• _Casanova, Last Love;_; _Mama Weed_

    From septimus_millenicom@q.com@21:1/5 to All on Wed Nov 10 21:44:36 2021
    Rampant criminality, then and now


    I like Julia Roy in a quasi-Hussar officer uniform! She
    plays a young woman who listens to Casanova's sad-sack
    story and only appears briefly. You do wonder if director
    Benoit Jacquot is thinking of his relationship with his
    new muse Roy when writing/directing the story of an
    over-the-hill Casanova and his unrequited love for a
    much younger woman. I don't want to insinuate anything
    and I pay no attention to directors' and actors' private
    lives. It is an intriguing thought though.

    The film is fascinating in many other ways. It is at
    least the third time Jacquot has set a film in the late
    18th century. His _Sade_, also about an aging rogue, is
    probably his worst film; it is one of his few efforts
    without his writing contribution, and in the DVD interview
    he can see his ambivalence. Is this film a do-over? At
    least Jacquot's sympathy always lies with the outsider;
    he is the anti-Olivier Assayas (and the antidote) in that
    sense. Casanova's gambling and whoring are legend, and
    some of his exploits listed in wikipedia qualify as
    child molestation. What is fascinating is how Jacquot
    normalizes his behavior among the English high society
    and continental visitors: basically everyone (male or
    female) is a john, a prostitute, a hustler about to be
    thrown in prison for running up debt, or a combination
    of those. Everything is for show. The beautiful
    clothes, immaculate mansions, baroque period music,
    and stately cinematic composition barely hide the
    rampant criminality and the rot. The film even
    visually compares these hangers-on to a Princess's
    pet dogs.

    Casanova is said to be a great conversationalist, but
    instead of (say) the motor-mouthed Fabrice Luchini
    (who is so good in Jacquot's own _Keep It Quiet_), the
    director picks the taciturn Vincent Lindon. Then again,
    by 41 Casanova probably looked exactly like Lindon.
    Stacy Martin's character is likely a composite of
    historical figures; some day the actress will have to
    convince us she can play more than just the siren role.
    The film-making is elegant, as straight-forward as
    anything Jacquot has done in years, but it is effective.
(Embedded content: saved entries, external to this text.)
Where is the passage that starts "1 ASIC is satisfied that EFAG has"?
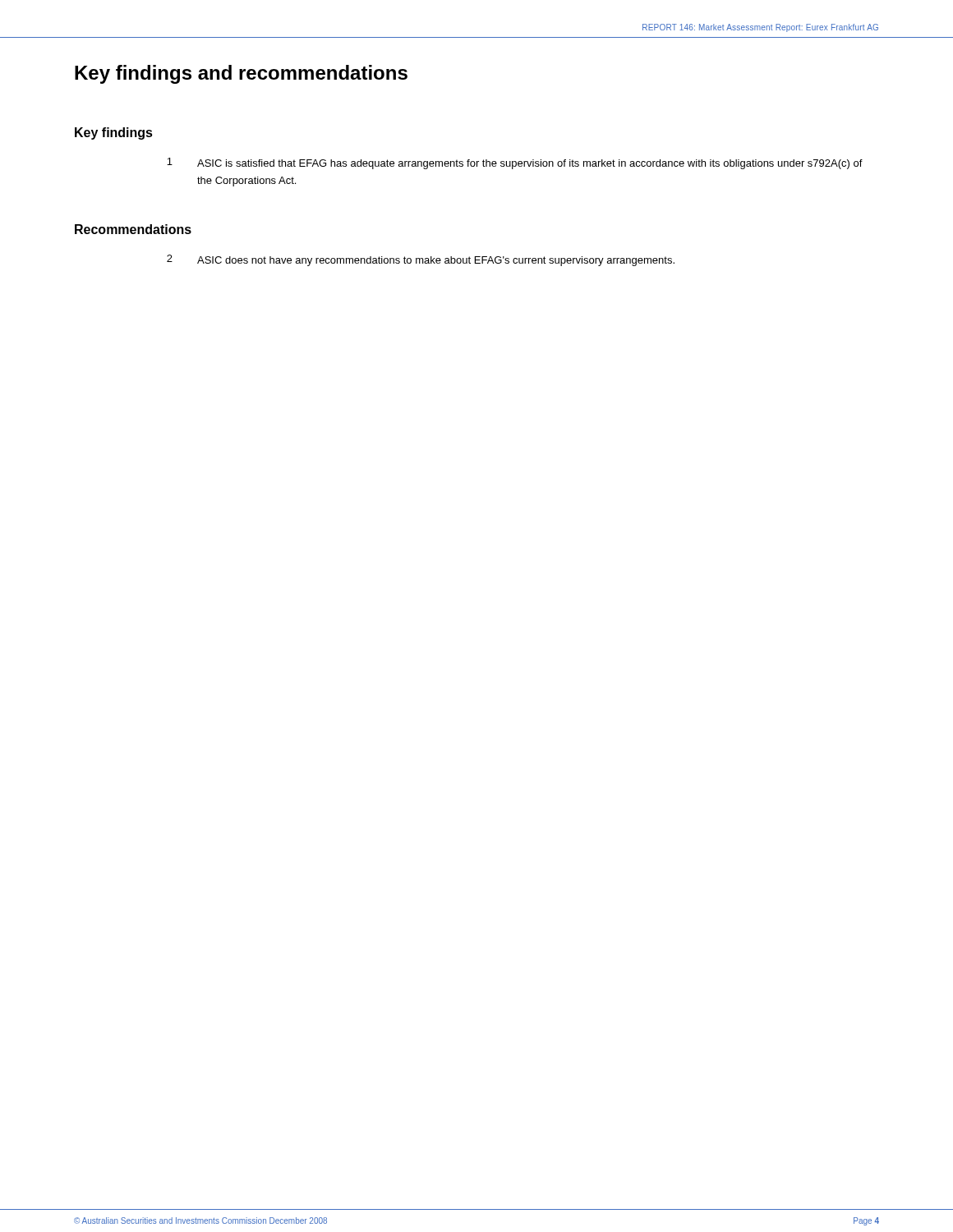(x=476, y=172)
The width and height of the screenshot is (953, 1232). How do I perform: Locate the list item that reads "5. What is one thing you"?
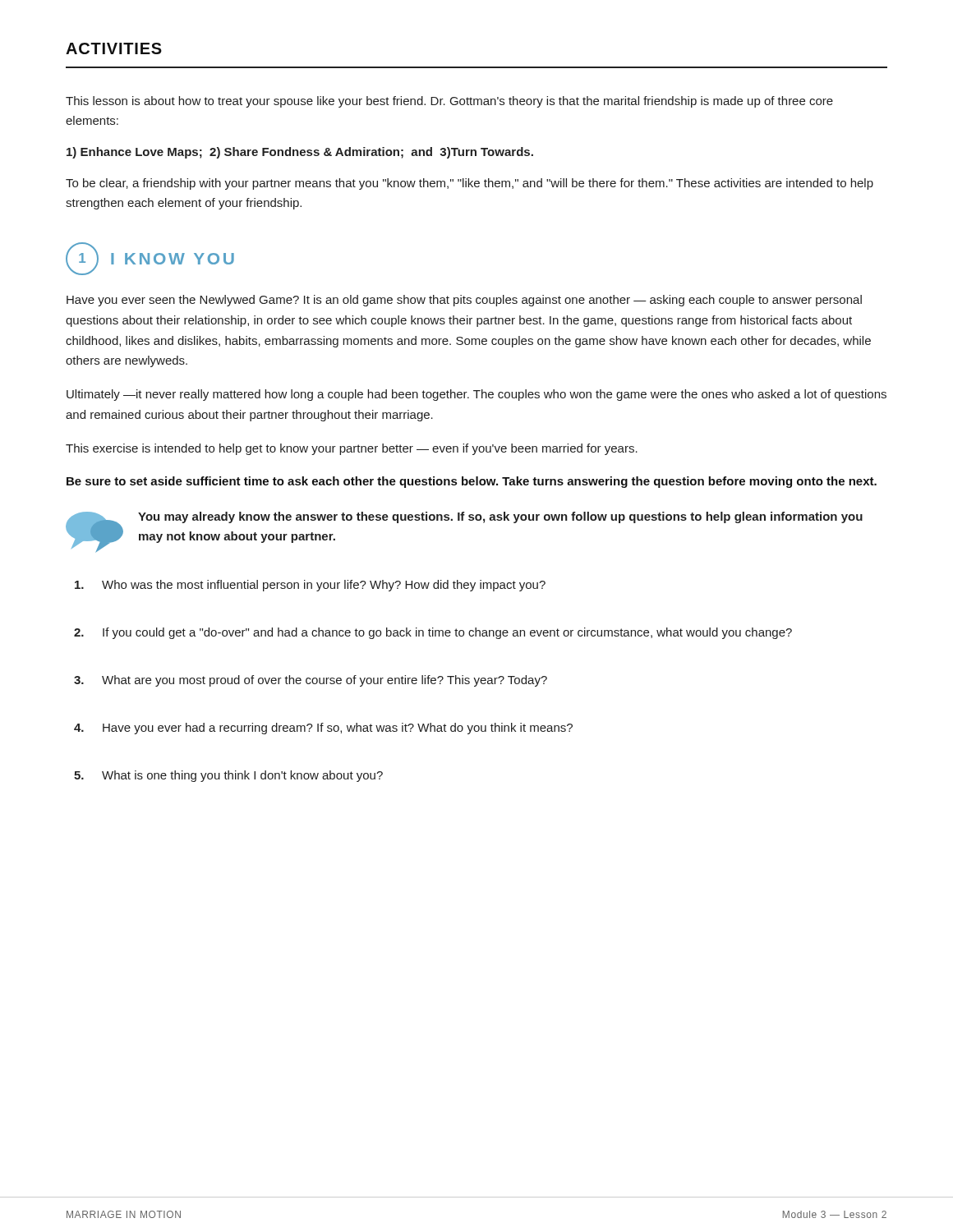(x=228, y=776)
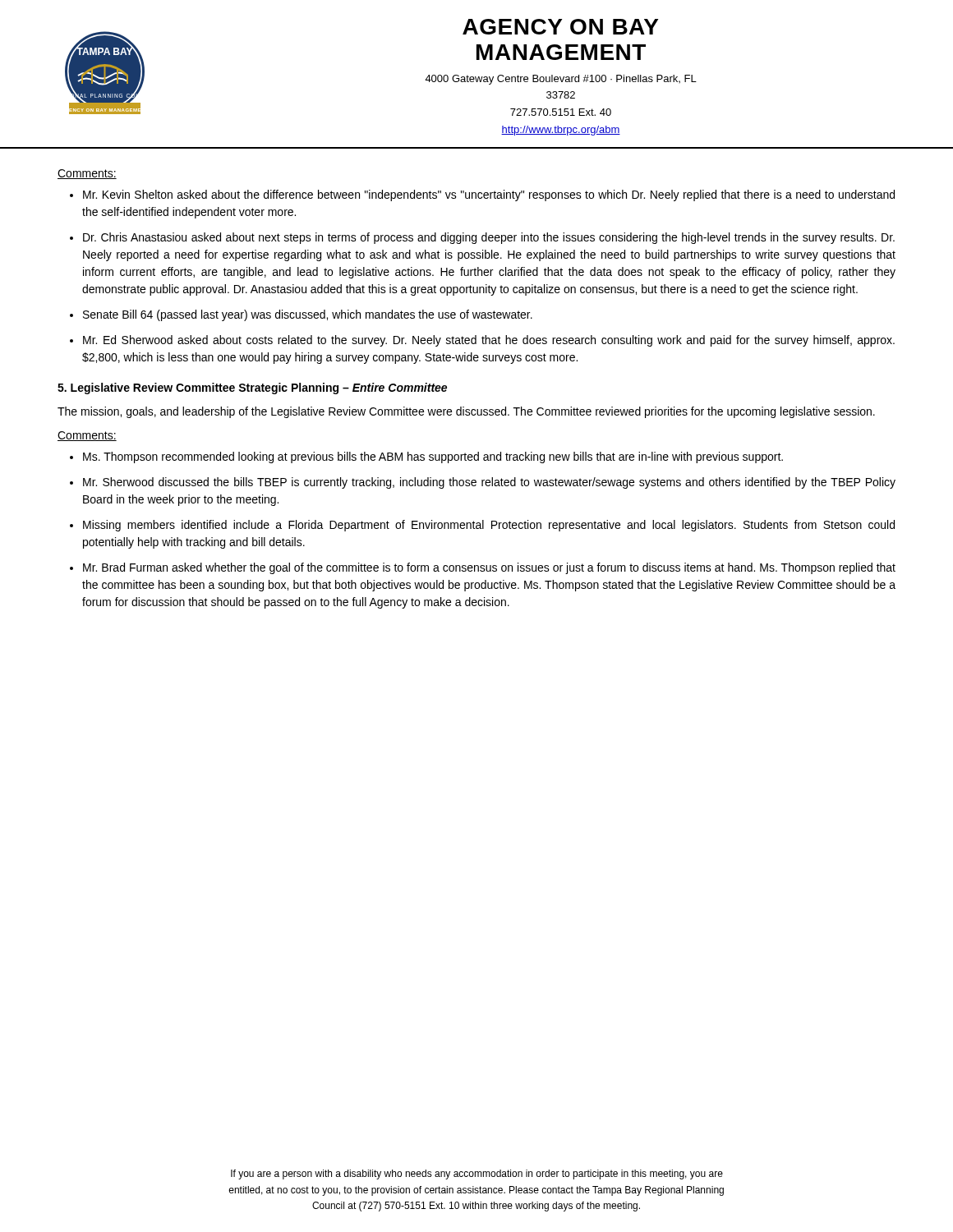
Task: Locate the text starting "Ms. Thompson recommended looking"
Action: pos(433,457)
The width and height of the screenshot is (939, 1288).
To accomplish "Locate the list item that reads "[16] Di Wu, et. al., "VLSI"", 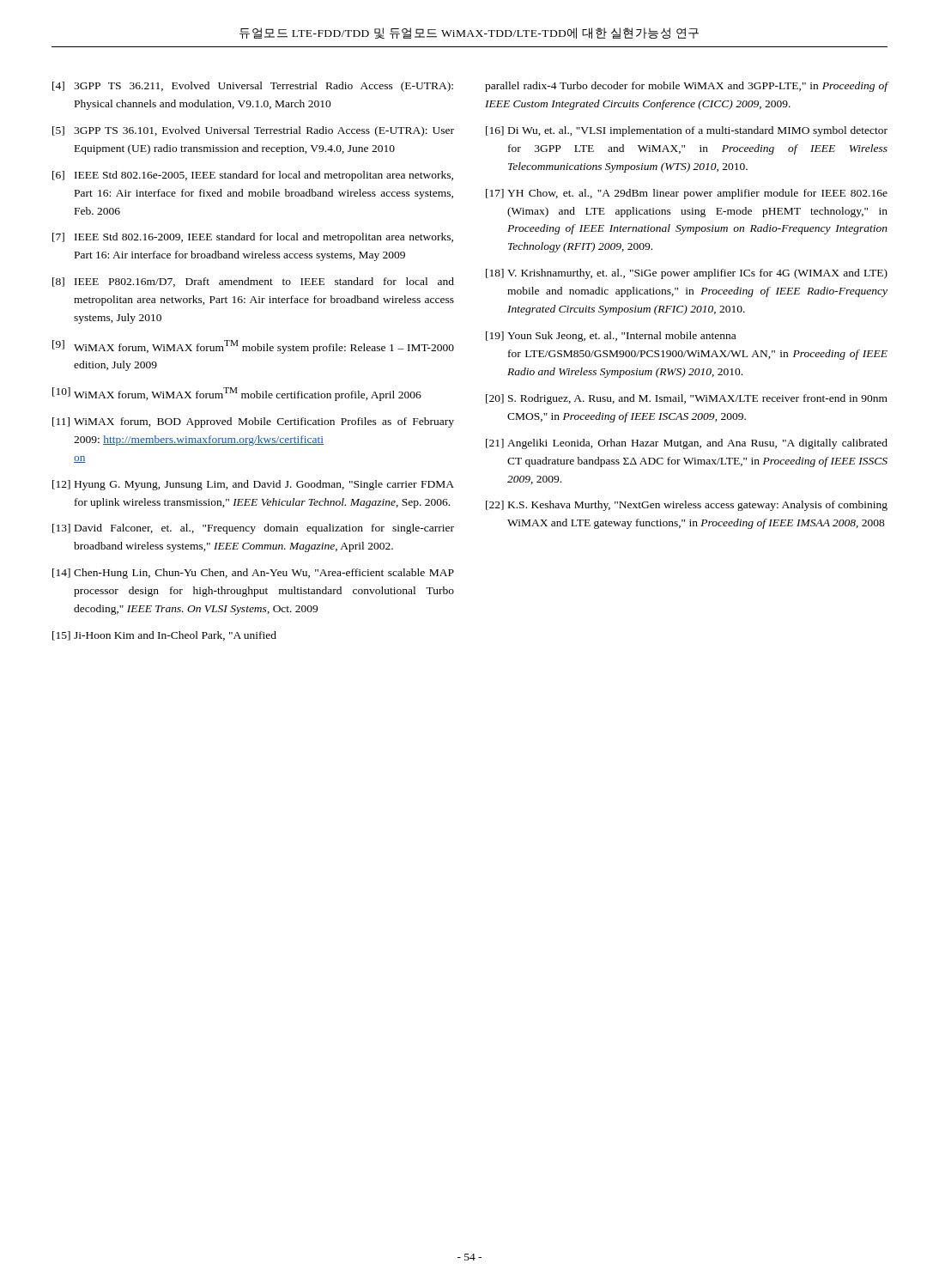I will pos(686,149).
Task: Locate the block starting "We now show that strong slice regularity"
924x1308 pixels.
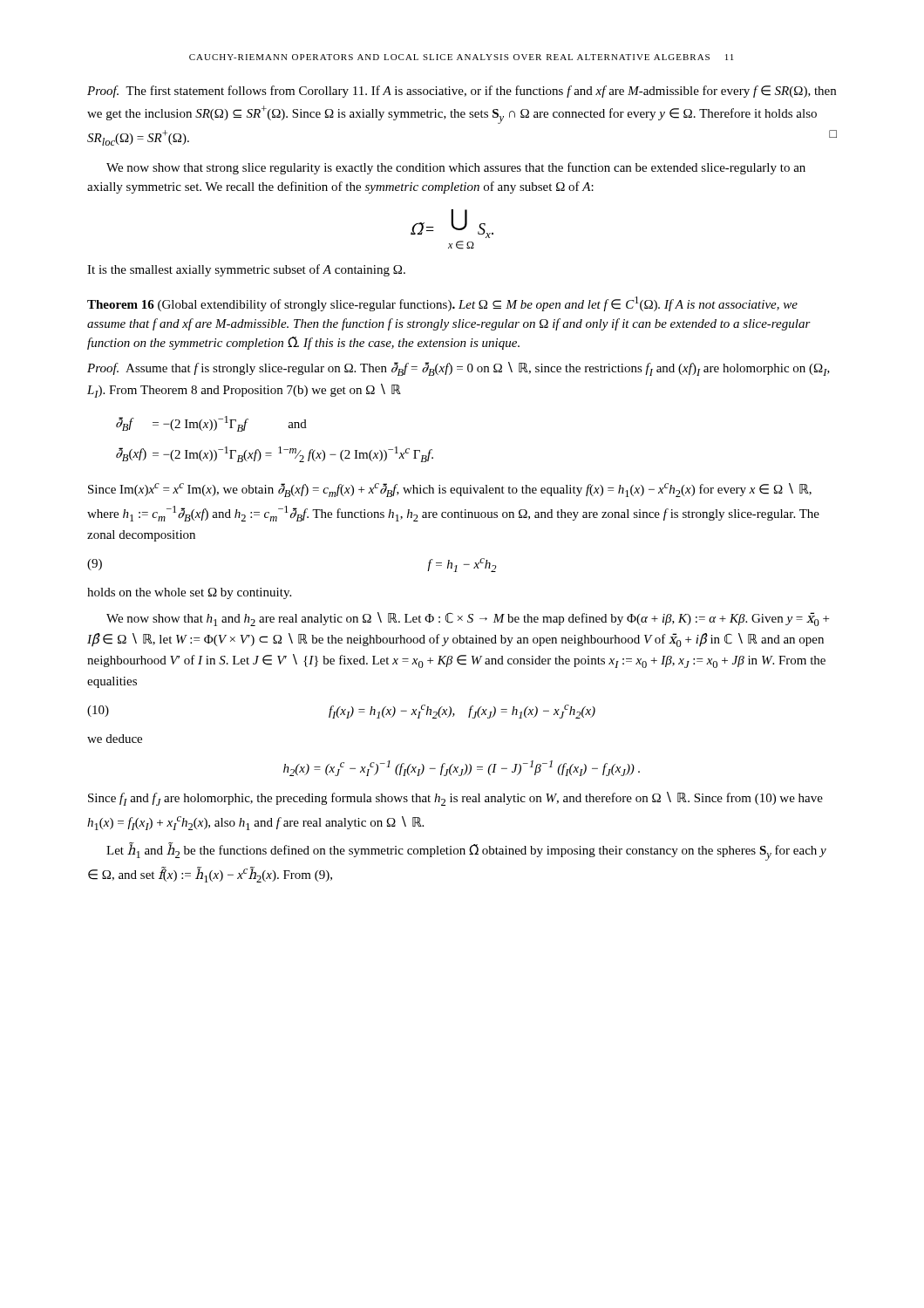Action: click(x=446, y=177)
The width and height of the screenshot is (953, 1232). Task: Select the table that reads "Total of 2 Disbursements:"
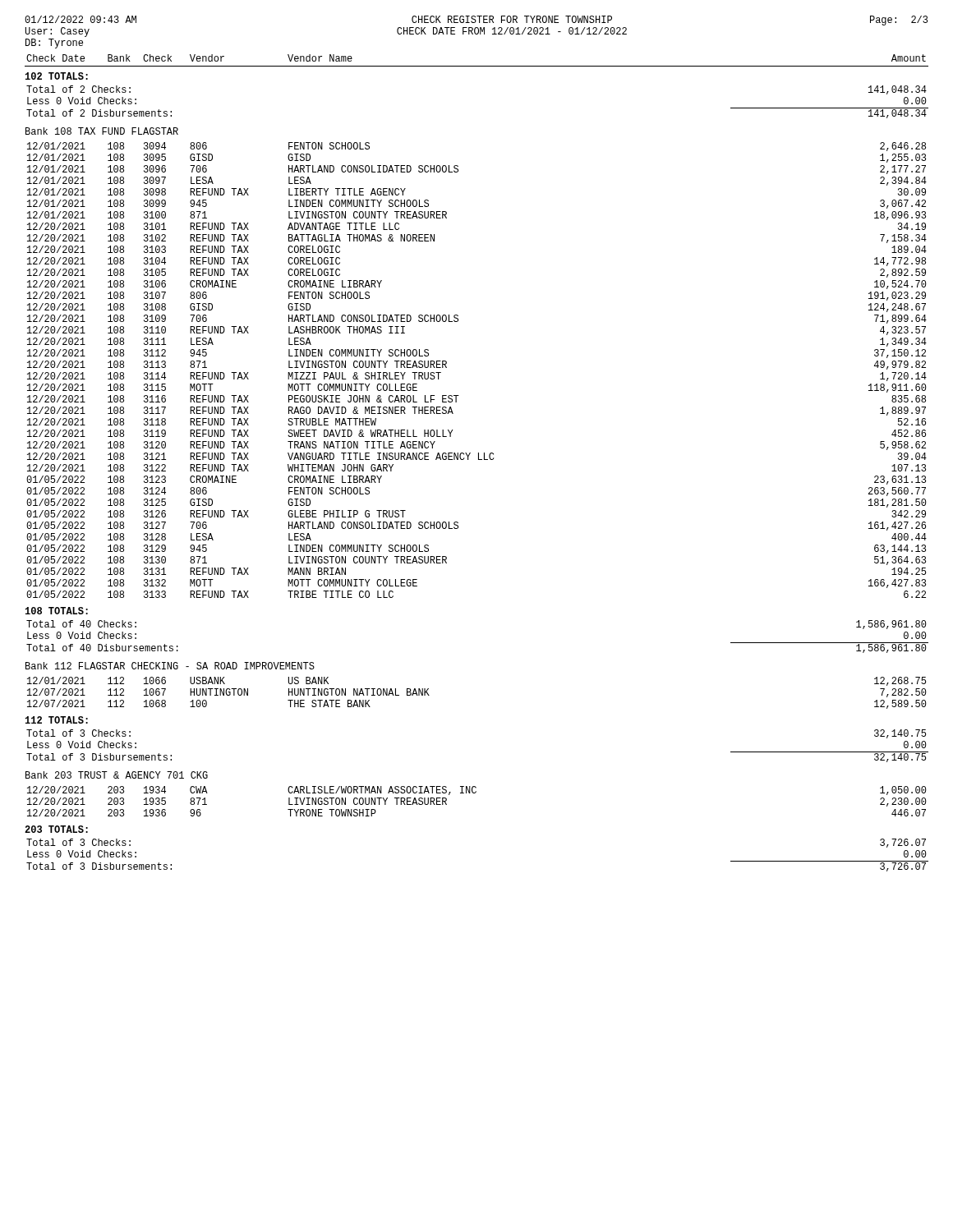click(476, 102)

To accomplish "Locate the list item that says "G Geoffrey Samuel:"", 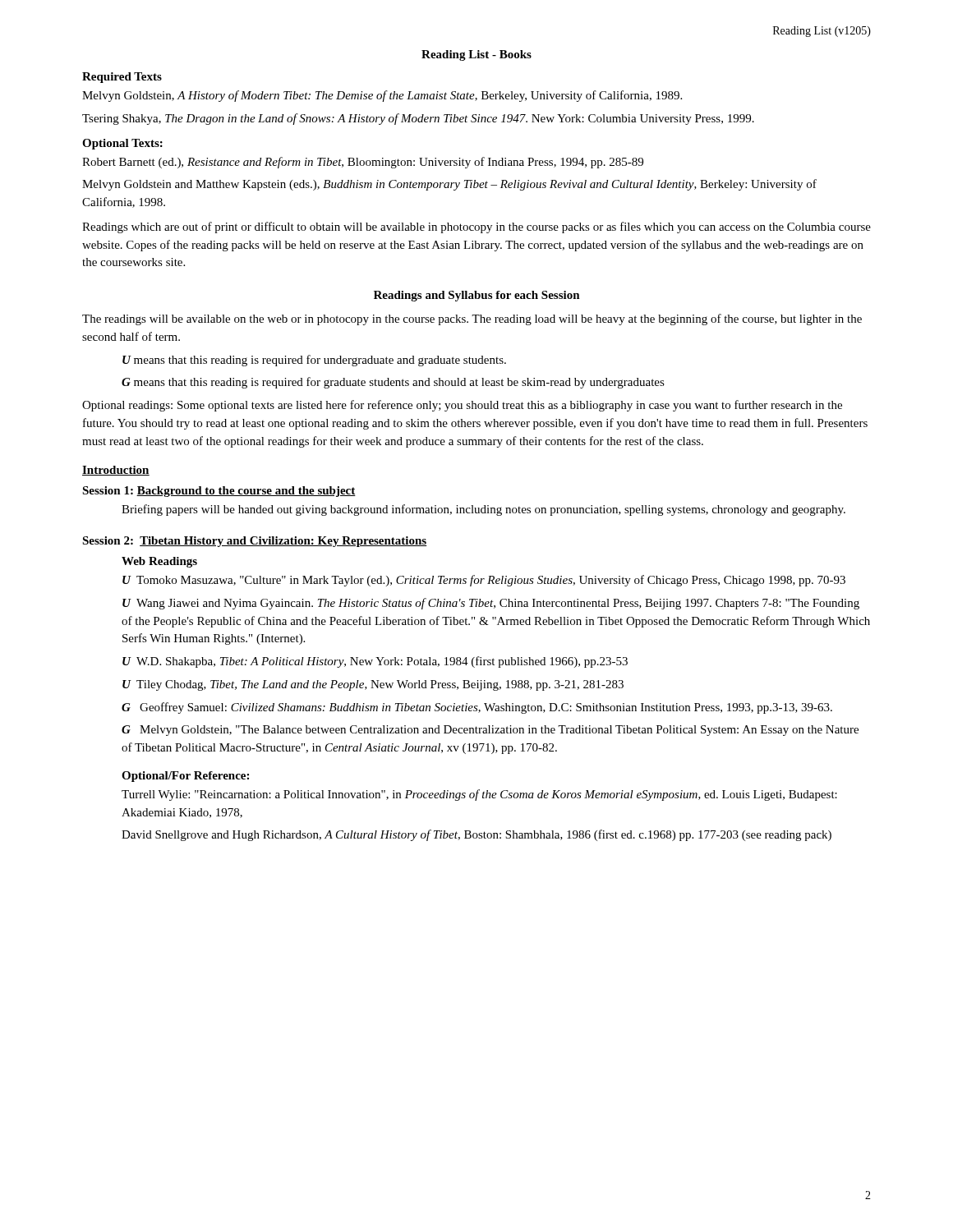I will pos(477,707).

    ------------------------------------------------------

    The less said about _Mama Weed_ the better. Set in the
    modern day Paris, everyone is either a drug-dealer,
    a money launderer, or some sort of gun-toting murderer
    -in-waiting. But instead of indictment, the film
    celebrates the blatant law-breaking. I guess the
    filmmakers feel that the female protagonist (played
    by the famous Isabelle Huppert, at times passing
    herself off as Arabic no less) and the Chinese
    (or "people of color," what a racist and insulting
    term) gang, have get-out-of-jail cards thanks to
    American style identity politics. Their criminal
    activities are played for laughs, even though
    drug trafficking leads to tarnished lives all along
    the chain regardless of what race or gender the
    final dealer is. This could be _Greta II_ for
    Huppert, and she has really played the same kind
    of mildly off-kilter roles for way too long.
    Incidentally, among her roles that I remember
    best now, at least three are in Jacquot's films
    (_The School of Flesh_, _Keep it Quiet_, _Villa
    Amalia_). She is also wonderful in Hartley's
    _Amateur_ and _Lacemaker_ but those seem so
    long ago now. One reviewer (New Yorker?) writes
    that Jacquot would benefit from working with
    Huppert again. No, it's the other way round.